Exercise details: Retype, word for word, every line from the one holding "name | x y z sx sy sz roll pitch yaw" through the one holding "- grill <box>91,173,103,184</box>" in the entries below, both included, and only those lines.
*** Dataset content Section Begins ***
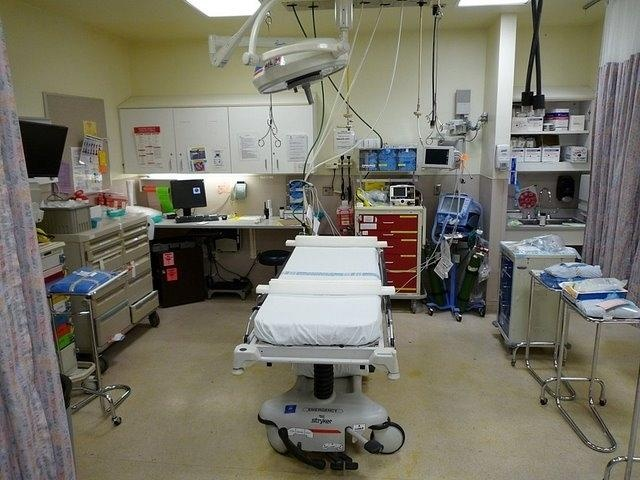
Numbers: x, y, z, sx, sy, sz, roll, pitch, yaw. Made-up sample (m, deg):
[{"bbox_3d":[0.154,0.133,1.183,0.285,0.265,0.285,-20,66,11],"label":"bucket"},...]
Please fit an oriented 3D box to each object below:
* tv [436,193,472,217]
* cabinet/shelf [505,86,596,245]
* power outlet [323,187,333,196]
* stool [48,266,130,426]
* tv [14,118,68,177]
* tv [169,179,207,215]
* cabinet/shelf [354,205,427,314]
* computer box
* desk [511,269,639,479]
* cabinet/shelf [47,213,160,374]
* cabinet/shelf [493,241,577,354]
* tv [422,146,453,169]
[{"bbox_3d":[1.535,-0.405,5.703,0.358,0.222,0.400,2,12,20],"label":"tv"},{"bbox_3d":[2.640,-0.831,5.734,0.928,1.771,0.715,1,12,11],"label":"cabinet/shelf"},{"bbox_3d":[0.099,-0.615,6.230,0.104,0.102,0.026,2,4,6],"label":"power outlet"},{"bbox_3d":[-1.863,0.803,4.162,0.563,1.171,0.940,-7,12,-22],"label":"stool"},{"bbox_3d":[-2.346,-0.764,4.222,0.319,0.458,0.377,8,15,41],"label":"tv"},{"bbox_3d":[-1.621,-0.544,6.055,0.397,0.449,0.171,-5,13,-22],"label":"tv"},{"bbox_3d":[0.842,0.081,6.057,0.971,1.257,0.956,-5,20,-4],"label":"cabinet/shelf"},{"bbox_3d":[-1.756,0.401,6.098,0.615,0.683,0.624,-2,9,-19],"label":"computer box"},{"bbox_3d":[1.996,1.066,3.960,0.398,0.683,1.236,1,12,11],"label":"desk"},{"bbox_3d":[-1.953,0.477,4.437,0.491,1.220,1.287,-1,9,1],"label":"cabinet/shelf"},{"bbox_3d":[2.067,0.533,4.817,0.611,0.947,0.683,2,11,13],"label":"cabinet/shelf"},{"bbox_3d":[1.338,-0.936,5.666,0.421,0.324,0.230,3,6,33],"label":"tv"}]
*** Dataset content Section Ends ***
*** Dataset content Section Begins ***
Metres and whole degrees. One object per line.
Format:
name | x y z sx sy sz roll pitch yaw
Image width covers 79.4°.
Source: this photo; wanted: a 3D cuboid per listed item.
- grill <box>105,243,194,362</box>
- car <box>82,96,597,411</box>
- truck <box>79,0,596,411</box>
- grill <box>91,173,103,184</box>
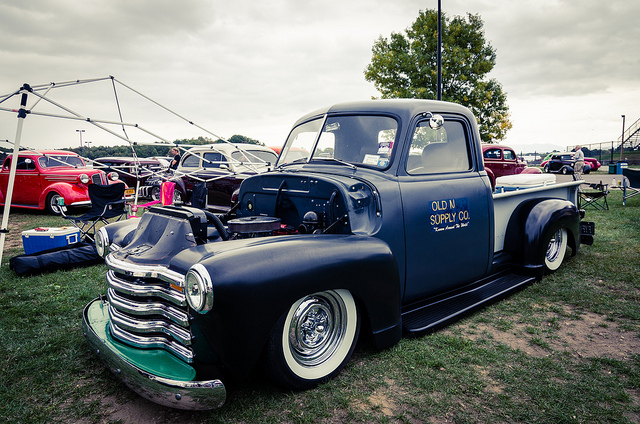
*** Dataset content Section Ends ***
Answer to the problem:
name | x y z sx sy sz roll pitch yaw
Image width covers 79.4°.
Source: this photo; wanted: a 3D cuboid per listed item.
- grill <box>105,243,194,362</box>
- car <box>82,96,597,411</box>
- truck <box>79,0,596,411</box>
- grill <box>91,173,103,184</box>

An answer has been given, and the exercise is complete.